Tous vos films ont une forte empreinte autobiographique. Mais c'est la première fois que vous interprétez vous-même le rôle principal. Pourquoi ?
Cela faisait longtemps que je voulais consacrer un film à la relation entre un homme et une femme. J'ai été marié deux fois, j'ai vécu des choses douloureuses. En discutant avec ma femme, l'idée nous est venue d'interpréter nous-mêmes ce couple. Personnellement, je ne l'aurais jamais fait si j'avais pensé que je ne correspondais pas à ce rôle. J'en avais l'intuition profonde et c'était difficile de demander à des acteurs de reproduire cette expérience, de simuler un état de confusion mentale comme celui-ci. Mais je crois que je ne recommencerai jamais, c'est trop épuisant d'être à la fois derrière et devant la caméra. J'ai eu l'impression, comme metteur en scène, de perdre trop de maîtrise.


Votre femme a-telle accepté ce rôle sans difficulté ?
Elle a été immédiatement d'accord. Nous étions partis en week-end, l'idée nous est venue à midi, et nous sommes immédiatement descendus à la plage pour improviser devant la caméra que j'avais posée sur un pied. C'était ce qui allait devenir l'une des premières scènes du film. Nous nous sommes trouvés plutôt bons. Ce n'est qu'après que nous nous sommes mis à écrire le scénario, qui à son tour a changé au fur et à mesure du tournage.

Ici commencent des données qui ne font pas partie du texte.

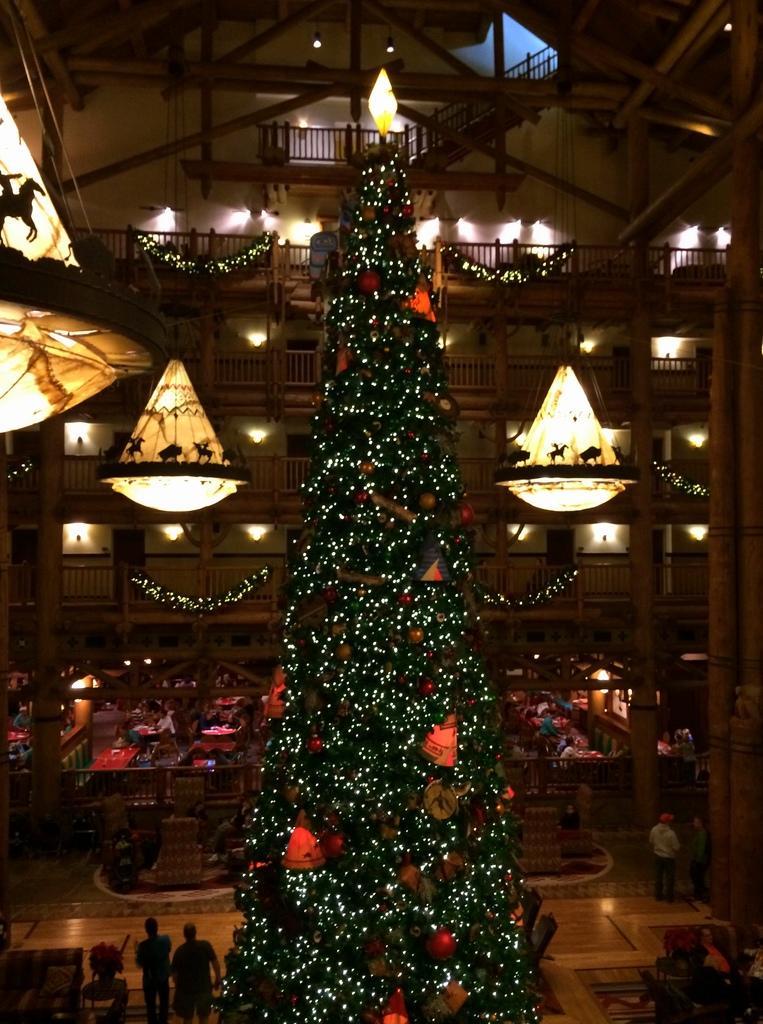Can you describe this image briefly? This is the picture of a building. In this picture there is a Christmas tree in the foreground and there are lights and there are objects on the tree. At the back there are lights. At the bottom there are group of people, few people are sitting and few people are standing. At the bottom there are tables and chairs. 
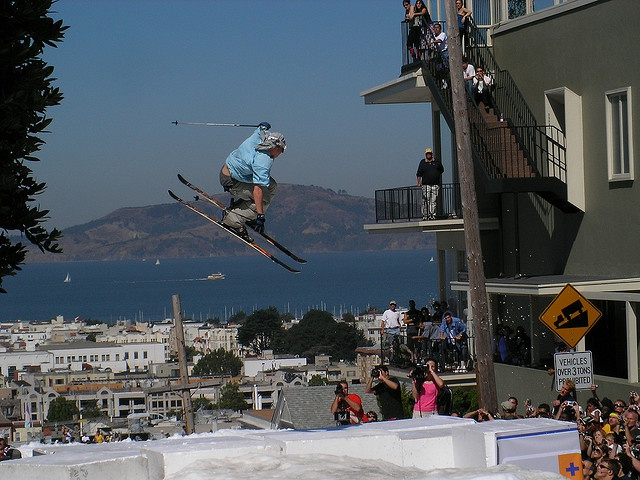Describe the objects in this image and their specific colors. I can see people in black, gray, and maroon tones, people in black, gray, and lightblue tones, skis in black, gray, darkblue, and maroon tones, people in black, maroon, and brown tones, and people in black, brown, maroon, and gray tones in this image.

Cette idée ne vous a-t-elle pas paru dangereuse pour votre couple ?
D'abord, ce n'est pas un film autobiographique, c'est une véritable fiction que nous interprétons. Ensuite, nous formons un couple qui ne s'effarouche pas de la noirceur de la vie.


Pourquoi le choix de tourner avec une caméra numérique ?
Cette technologie est enfin arrivée à un niveau satisfaisant en matière de définition et de précision, y compris dans la profondeur de champ. Elle permet aussi une liberté d'expérimentation qu'on ne peut se permettre avec de la pellicule, depuis le nombre illimité de prises jusqu'à la possibilité de voir le résultat immédiatement.
C'est très important pour moi, car cela permet de régler l'image selon son désir, aussi facilement qu'un peintre le ferait avec sa toile. Cela signifie que le format film est mort, en tout cas pour moi.